*Task directions:*
What follows is a block of records; reproduce all of it verbatim.

*Saved data entries:*
::::::::

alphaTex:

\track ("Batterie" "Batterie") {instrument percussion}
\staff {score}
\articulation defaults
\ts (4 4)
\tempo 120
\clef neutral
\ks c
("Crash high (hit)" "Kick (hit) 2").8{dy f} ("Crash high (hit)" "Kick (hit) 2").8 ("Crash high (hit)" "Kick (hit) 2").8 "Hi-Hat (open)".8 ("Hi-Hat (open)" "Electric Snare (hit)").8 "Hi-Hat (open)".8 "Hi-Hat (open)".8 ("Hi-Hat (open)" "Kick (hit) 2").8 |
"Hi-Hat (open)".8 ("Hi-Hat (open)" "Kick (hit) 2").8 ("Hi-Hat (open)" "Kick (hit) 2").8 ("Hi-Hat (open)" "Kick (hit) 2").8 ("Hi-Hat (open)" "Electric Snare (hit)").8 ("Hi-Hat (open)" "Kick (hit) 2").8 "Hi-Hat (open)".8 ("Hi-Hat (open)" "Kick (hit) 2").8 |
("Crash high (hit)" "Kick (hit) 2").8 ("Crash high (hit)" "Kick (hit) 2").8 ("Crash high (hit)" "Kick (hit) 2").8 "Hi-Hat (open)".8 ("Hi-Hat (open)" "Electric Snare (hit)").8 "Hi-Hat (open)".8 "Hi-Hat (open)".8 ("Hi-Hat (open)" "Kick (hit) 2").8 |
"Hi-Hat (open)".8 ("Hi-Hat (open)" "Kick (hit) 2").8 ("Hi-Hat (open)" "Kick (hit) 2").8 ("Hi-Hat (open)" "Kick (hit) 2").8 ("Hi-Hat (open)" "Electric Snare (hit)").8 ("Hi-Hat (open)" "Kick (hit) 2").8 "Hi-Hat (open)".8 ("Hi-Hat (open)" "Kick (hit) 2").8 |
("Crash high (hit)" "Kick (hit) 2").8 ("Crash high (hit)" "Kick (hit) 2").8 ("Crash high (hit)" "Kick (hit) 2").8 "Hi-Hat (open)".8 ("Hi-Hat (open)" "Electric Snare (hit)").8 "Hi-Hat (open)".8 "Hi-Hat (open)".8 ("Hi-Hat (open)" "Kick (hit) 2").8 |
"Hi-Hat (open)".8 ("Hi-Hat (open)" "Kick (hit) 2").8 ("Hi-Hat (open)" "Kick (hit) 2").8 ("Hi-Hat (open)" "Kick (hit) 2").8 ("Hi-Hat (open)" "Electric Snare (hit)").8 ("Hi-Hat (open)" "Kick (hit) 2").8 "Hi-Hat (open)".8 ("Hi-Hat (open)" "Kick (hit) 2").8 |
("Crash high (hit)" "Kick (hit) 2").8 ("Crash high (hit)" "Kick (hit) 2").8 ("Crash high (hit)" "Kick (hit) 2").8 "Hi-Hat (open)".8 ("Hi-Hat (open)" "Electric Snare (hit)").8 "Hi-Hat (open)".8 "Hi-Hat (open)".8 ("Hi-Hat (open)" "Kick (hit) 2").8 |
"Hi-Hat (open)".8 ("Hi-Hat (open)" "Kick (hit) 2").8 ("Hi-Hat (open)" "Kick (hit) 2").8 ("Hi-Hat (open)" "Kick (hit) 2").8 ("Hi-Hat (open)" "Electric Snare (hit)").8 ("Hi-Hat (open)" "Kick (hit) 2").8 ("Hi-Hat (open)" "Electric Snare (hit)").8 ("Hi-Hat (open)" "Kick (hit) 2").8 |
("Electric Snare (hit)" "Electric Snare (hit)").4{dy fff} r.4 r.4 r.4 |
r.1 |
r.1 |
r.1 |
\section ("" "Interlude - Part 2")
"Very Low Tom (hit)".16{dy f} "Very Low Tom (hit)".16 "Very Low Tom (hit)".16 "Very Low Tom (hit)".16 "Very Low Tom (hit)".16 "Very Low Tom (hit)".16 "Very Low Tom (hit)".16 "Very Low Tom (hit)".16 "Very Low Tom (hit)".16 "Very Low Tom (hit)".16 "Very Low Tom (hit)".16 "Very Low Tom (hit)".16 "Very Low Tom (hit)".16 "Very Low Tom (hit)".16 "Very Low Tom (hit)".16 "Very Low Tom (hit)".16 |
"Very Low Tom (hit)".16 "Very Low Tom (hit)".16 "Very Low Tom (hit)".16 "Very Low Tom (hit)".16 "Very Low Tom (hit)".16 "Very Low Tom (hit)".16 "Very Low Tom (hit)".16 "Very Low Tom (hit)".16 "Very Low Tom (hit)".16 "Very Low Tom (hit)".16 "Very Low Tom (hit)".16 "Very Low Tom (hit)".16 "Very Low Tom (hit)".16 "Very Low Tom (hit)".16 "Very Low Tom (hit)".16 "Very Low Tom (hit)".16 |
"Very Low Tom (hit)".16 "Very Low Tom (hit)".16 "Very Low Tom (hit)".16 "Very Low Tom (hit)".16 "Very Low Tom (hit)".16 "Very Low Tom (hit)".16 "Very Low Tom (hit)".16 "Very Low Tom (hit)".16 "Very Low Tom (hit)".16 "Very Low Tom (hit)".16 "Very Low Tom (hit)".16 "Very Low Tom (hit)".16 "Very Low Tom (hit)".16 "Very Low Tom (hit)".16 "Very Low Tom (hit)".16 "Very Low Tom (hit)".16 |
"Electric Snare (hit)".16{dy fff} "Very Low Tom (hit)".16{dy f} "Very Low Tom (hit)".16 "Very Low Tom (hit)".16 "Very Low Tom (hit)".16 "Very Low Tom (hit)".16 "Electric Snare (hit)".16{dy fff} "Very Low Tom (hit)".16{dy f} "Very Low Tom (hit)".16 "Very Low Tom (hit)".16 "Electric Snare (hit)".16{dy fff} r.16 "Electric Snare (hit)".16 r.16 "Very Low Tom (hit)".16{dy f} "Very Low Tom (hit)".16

::::::::

*Solution:*
alphaTex:

\track ("Batterie" "Batterie") {instrument percussion}
\staff {score}
\articulation defaults
\ts (4 4)
\tempo 120
\clef neutral
\ks c
("Crash high (hit)" "Kick (hit) 2").8{dy f} ("Crash high (hit)" "Kick (hit) 2").8 ("Crash high (hit)" "Kick (hit) 2").8 "Hi-Hat (open)".8 ("Hi-Hat (open)" "Electric Snare (hit)").8 "Hi-Hat (open)".8 "Hi-Hat (open)".8 ("Hi-Hat (open)" "Kick (hit) 2").8 |
"Hi-Hat (open)".8 ("Hi-Hat (open)" "Kick (hit) 2").8 ("Hi-Hat (open)" "Kick (hit) 2").8 ("Hi-Hat (open)" "Kick (hit) 2").8 ("Hi-Hat (open)" "Electric Snare (hit)").8 ("Hi-Hat (open)" "Kick (hit) 2").8 "Hi-Hat (open)".8 ("Hi-Hat (open)" "Kick (hit) 2").8 |
("Crash high (hit)" "Kick (hit) 2").8 ("Crash high (hit)" "Kick (hit) 2").8 ("Crash high (hit)" "Kick (hit) 2").8 "Hi-Hat (open)".8 ("Hi-Hat (open)" "Electric Snare (hit)").8 "Hi-Hat (open)".8 "Hi-Hat (open)".8 ("Hi-Hat (open)" "Kick (hit) 2").8 |
"Hi-Hat (open)".8 ("Hi-Hat (open)" "Kick (hit) 2").8 ("Hi-Hat (open)" "Kick (hit) 2").8 ("Hi-Hat (open)" "Kick (hit) 2").8 ("Hi-Hat (open)" "Electric Snare (hit)").8 ("Hi-Hat (open)" "Kick (hit) 2").8 "Hi-Hat (open)".8 ("Hi-Hat (open)" "Kick (hit) 2").8 |
("Crash high (hit)" "Kick (hit) 2").8 ("Crash high (hit)" "Kick (hit) 2").8 ("Crash high (hit)" "Kick (hit) 2").8 "Hi-Hat (open)".8 ("Hi-Hat (open)" "Electric Snare (hit)").8 "Hi-Hat (open)".8 "Hi-Hat (open)".8 ("Hi-Hat (open)" "Kick (hit) 2").8 |
"Hi-Hat (open)".8 ("Hi-Hat (open)" "Kick (hit) 2").8 ("Hi-Hat (open)" "Kick (hit) 2").8 ("Hi-Hat (open)" "Kick (hit) 2").8 ("Hi-Hat (open)" "Electric Snare (hit)").8 ("Hi-Hat (open)" "Kick (hit) 2").8 "Hi-Hat (open)".8 ("Hi-Hat (open)" "Kick (hit) 2").8 |
("Crash high (hit)" "Kick (hit) 2").8 ("Crash high (hit)" "Kick (hit) 2").8 ("Crash high (hit)" "Kick (hit) 2").8 "Hi-Hat (open)".8 ("Hi-Hat (open)" "Electric Snare (hit)").8 "Hi-Hat (open)".8 "Hi-Hat (open)".8 ("Hi-Hat (open)" "Kick (hit) 2").8 |
"Hi-Hat (open)".8 ("Hi-Hat (open)" "Kick (hit) 2").8 ("Hi-Hat (open)" "Kick (hit) 2").8 ("Hi-Hat (open)" "Kick (hit) 2").8 ("Hi-Hat (open)" "Electric Snare (hit)").8 ("Hi-Hat (open)" "Kick (hit) 2").8 ("Hi-Hat (open)" "Electric Snare (hit)").8 ("Hi-Hat (open)" "Kick (hit) 2").8 |
("Electric Snare (hit)" "Electric Snare (hit)").4{dy fff} r.4 r.4 r.4 |
r.1 |
r.1 |
r.1 |
\section ("" "Interlude - Part 2")
"Very Low Tom (hit)".16{dy f} "Very Low Tom (hit)".16 "Very Low Tom (hit)".16 "Very Low Tom (hit)".16 "Very Low Tom (hit)".16 "Very Low Tom (hit)".16 "Very Low Tom (hit)".16 "Very Low Tom (hit)".16 "Very Low Tom (hit)".16 "Very Low Tom (hit)".16 "Very Low Tom (hit)".16 "Very Low Tom (hit)".16 "Very Low Tom (hit)".16 "Very Low Tom (hit)".16 "Very Low Tom (hit)".16 "Very Low Tom (hit)".16 |
"Very Low Tom (hit)".16 "Very Low Tom (hit)".16 "Very Low Tom (hit)".16 "Very Low Tom (hit)".16 "Very Low Tom (hit)".16 "Very Low Tom (hit)".16 "Very Low Tom (hit)".16 "Very Low Tom (hit)".16 "Very Low Tom (hit)".16 "Very Low Tom (hit)".16 "Very Low Tom (hit)".16 "Very Low Tom (hit)".16 "Very Low Tom (hit)".16 "Very Low Tom (hit)".16 "Very Low Tom (hit)".16 "Very Low Tom (hit)".16 |
"Very Low Tom (hit)".16 "Very Low Tom (hit)".16 "Very Low Tom (hit)".16 "Very Low Tom (hit)".16 "Very Low Tom (hit)".16 "Very Low Tom (hit)".16 "Very Low Tom (hit)".16 "Very Low Tom (hit)".16 "Very Low Tom (hit)".16 "Very Low Tom (hit)".16 "Very Low Tom (hit)".16 "Very Low Tom (hit)".16 "Very Low Tom (hit)".16 "Very Low Tom (hit)".16 "Very Low Tom (hit)".16 "Very Low Tom (hit)".16 |
"Electric Snare (hit)".16{dy fff} "Very Low Tom (hit)".16{dy f} "Very Low Tom (hit)".16 "Very Low Tom (hit)".16 "Very Low Tom (hit)".16 "Very Low Tom (hit)".16 "Electric Snare (hit)".16{dy fff} "Very Low Tom (hit)".16{dy f} "Very Low Tom (hit)".16 "Very Low Tom (hit)".16 "Electric Snare (hit)".16{dy fff} r.16 "Electric Snare (hit)".16 r.16 "Very Low Tom (hit)".16{dy f} "Very Low Tom (hit)".16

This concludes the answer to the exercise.